Ground truth datasets for CNN model training and testing were labeled by semi-automatic sine segmentation using Mimics Innovation Suite (version 23.0, Materialize NV, Leuven, Belgium). Initially, a custom threshold leveling was adjusted between [− 1024 to − 200 Hounsfield units (HU)] to create an air mask (Fig. 1a). Subsequently, the region of interest (ROI) was isolated from the rest of the surrounding structures. Manual delineation of the bone contours was performed using the eclipse and livewire function, and all contours were checked in the coronal, axial, and sagittal orthogonal planes (Fig. 1b). To avoid any inconsistency in the ROI of the different images, the segmentation region was restricted to the early start of the sinus ostium on the side of the sinus before continuing into the infundibulum (Fig. 1b). Finally, the edited mask of each sine was exported separately as a Standard Tessellation Language (STL) file. Segmentation was performed by a dentomaxillofacial (NM) radiologist with seven years of experience and subsequently reassessed by two other radiologists (KFV&RJ) with 15 and 25 years of experience, respectively.
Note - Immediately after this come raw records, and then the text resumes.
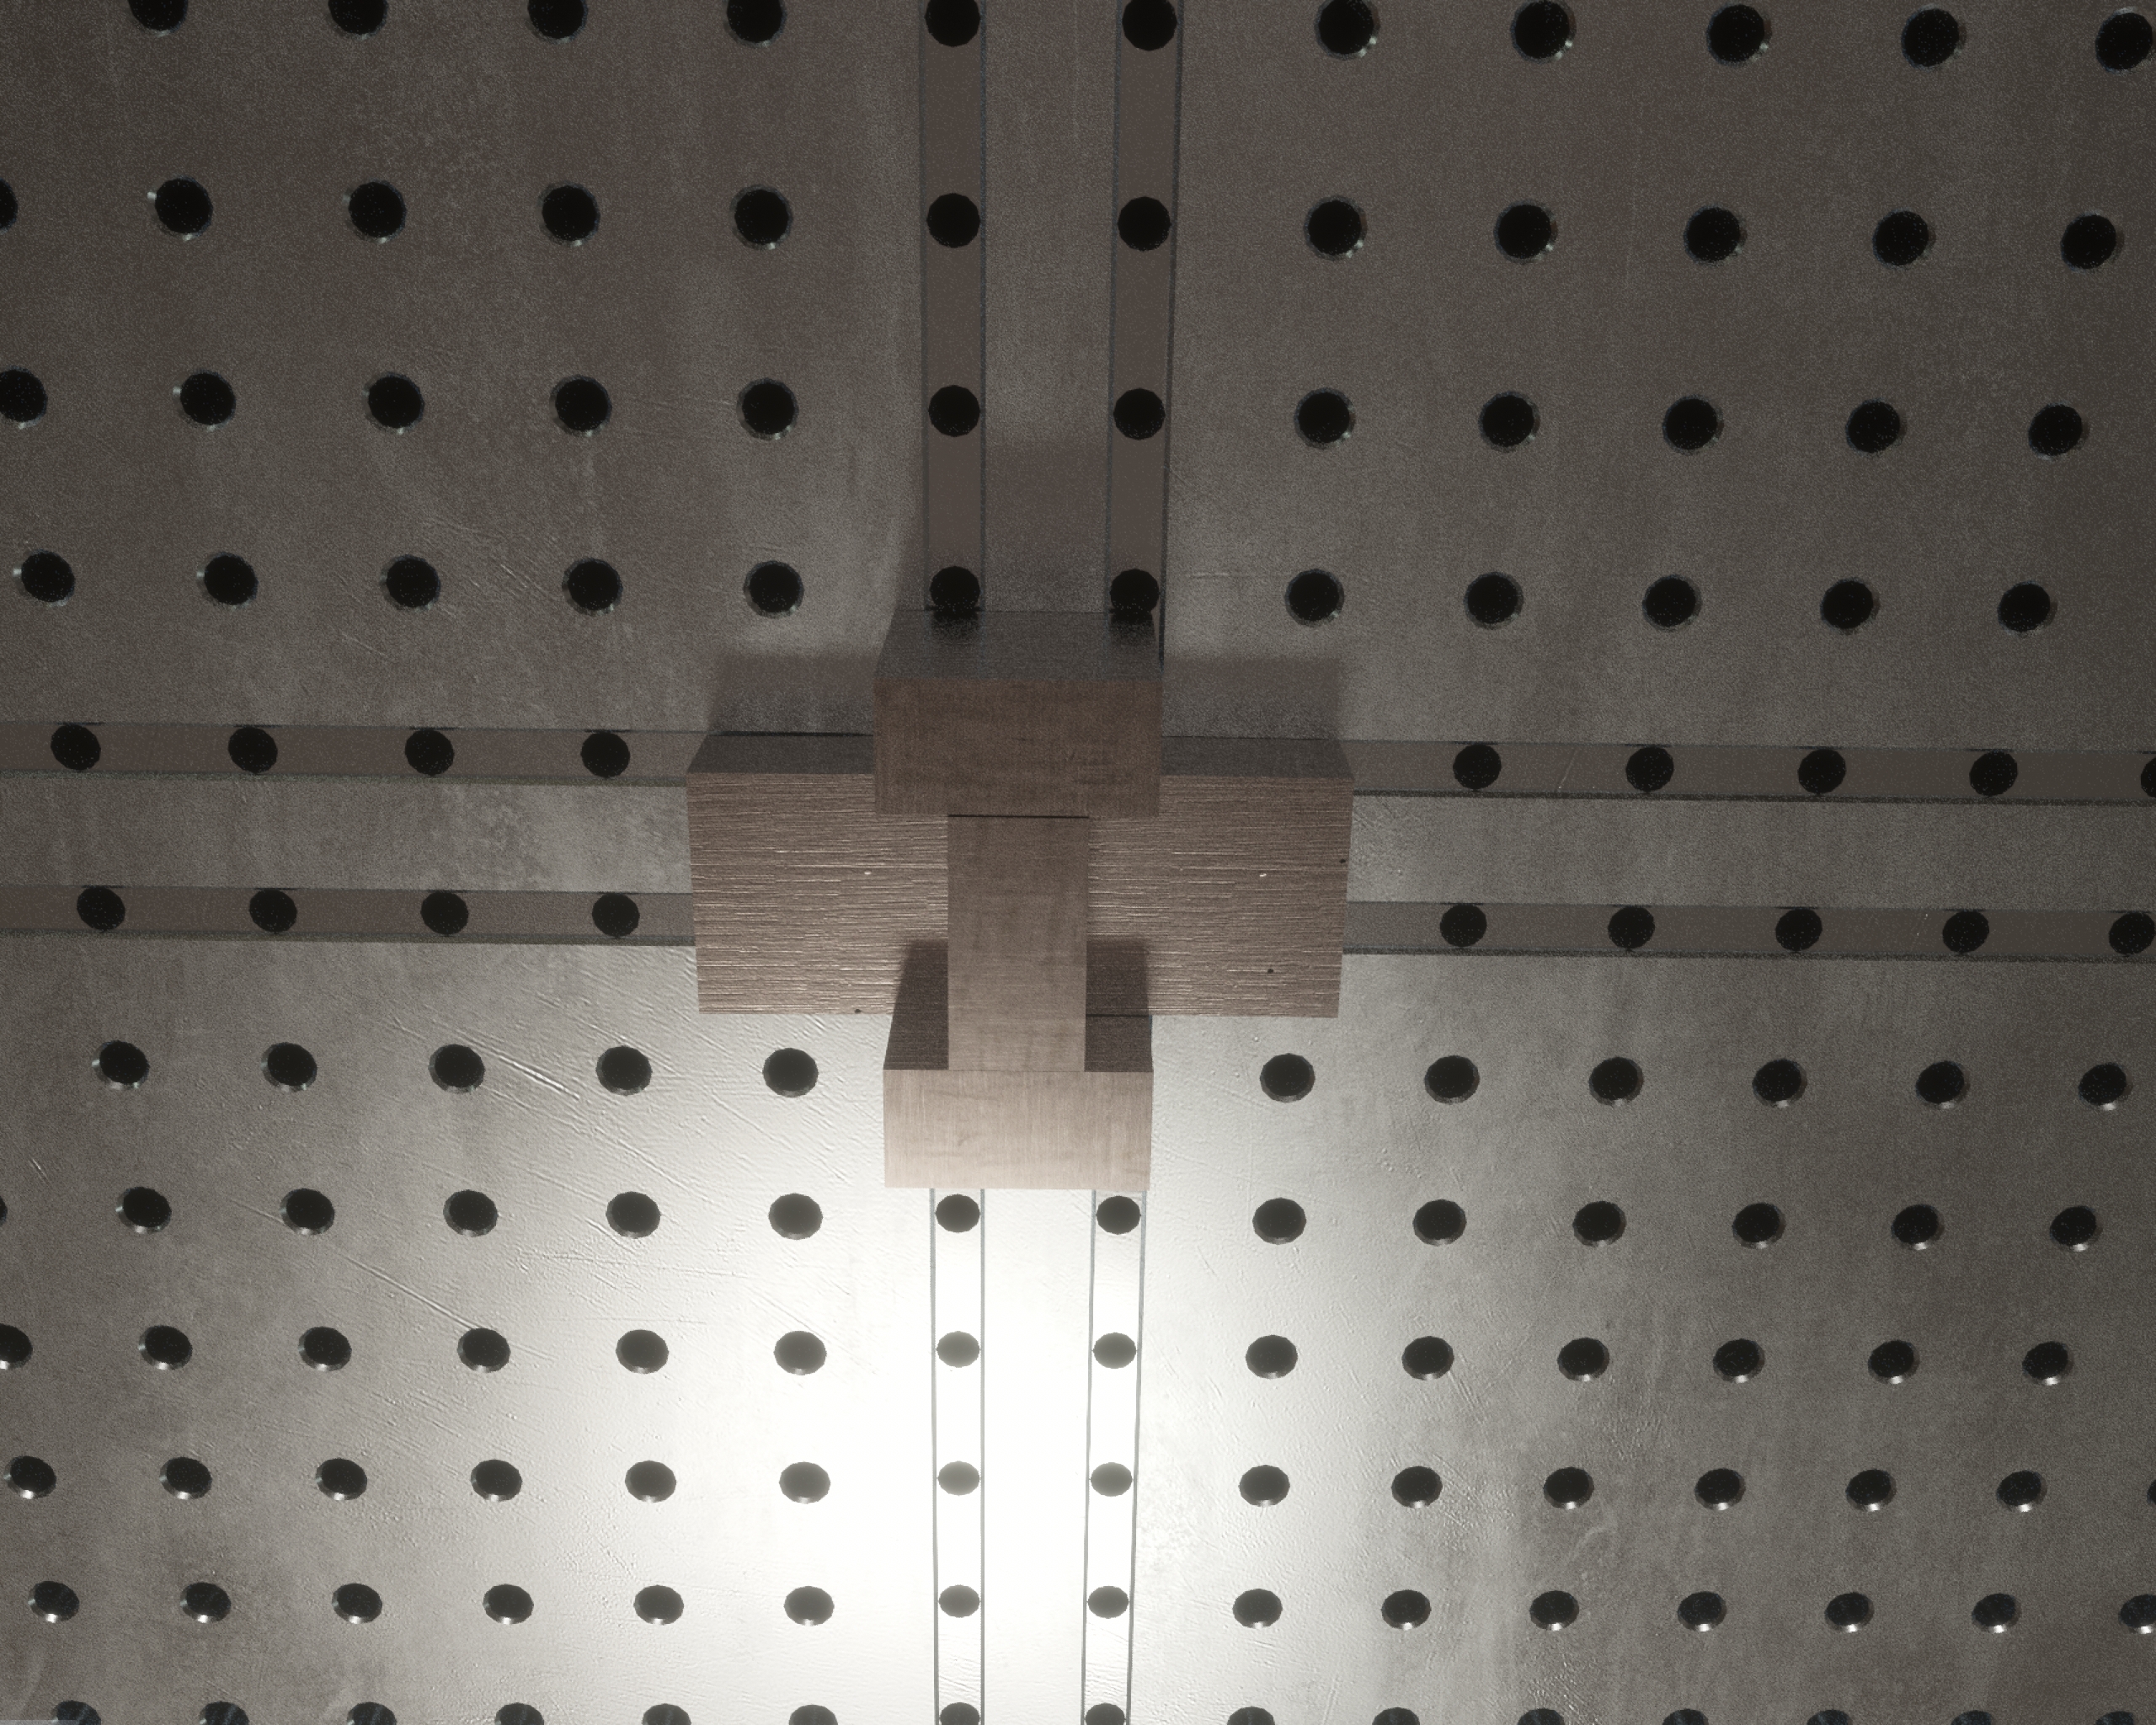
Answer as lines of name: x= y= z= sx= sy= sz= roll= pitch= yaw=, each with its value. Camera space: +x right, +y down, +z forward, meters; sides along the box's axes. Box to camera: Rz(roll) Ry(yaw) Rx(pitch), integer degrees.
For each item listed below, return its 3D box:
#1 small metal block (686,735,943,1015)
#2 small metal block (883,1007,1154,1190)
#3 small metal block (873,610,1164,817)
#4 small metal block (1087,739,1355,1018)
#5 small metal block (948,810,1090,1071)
small metal block: x=-0.049 y=0.002 z=0.413 sx=0.050 sy=0.025 sz=0.050 roll=0 pitch=110 yaw=-1
small metal block: x=-0.011 y=0.042 z=0.415 sx=0.050 sy=0.050 sz=0.025 roll=1 pitch=110 yaw=-1
small metal block: x=-0.011 y=-0.029 z=0.389 sx=0.050 sy=0.050 sz=0.025 roll=1 pitch=110 yaw=-1
small metal block: x=0.027 y=0.003 z=0.414 sx=0.050 sy=0.025 sz=0.050 roll=1 pitch=110 yaw=-1
small metal block: x=-0.011 y=0.007 z=0.402 sx=0.025 sy=0.050 sz=0.050 roll=1 pitch=110 yaw=-1

### Architecture and training of the CNN model

Two U-Net 3D architectures were used25which both consisted of 4 encoder blocks and 3 decoder blocks, 2 convolutions with a kernel size of 3×3×3, followed by rectified linear unit (ReLU) activation and group normalization with 8 maps of characteristics26. Subsequently, maximum pooling with a 2×2×2 step-by-two kernel size was applied after each encoder, allowing the resolution to be reduced by a factor of 2 in all dimensions. Both networks were trained as a binary classifier (0 or 1) with a weighted binary cross-entropy loss:

$${L}_{BCE}={y}_{n}*logleft({p}_{n}right)+left(1-{y}_{n}right)*log left(1-{p}_{n}right)$$

for each voxel n with a ground truth value ({y}_{n}) = 0 or 1, and the predicted probability of the network =({p}_{n})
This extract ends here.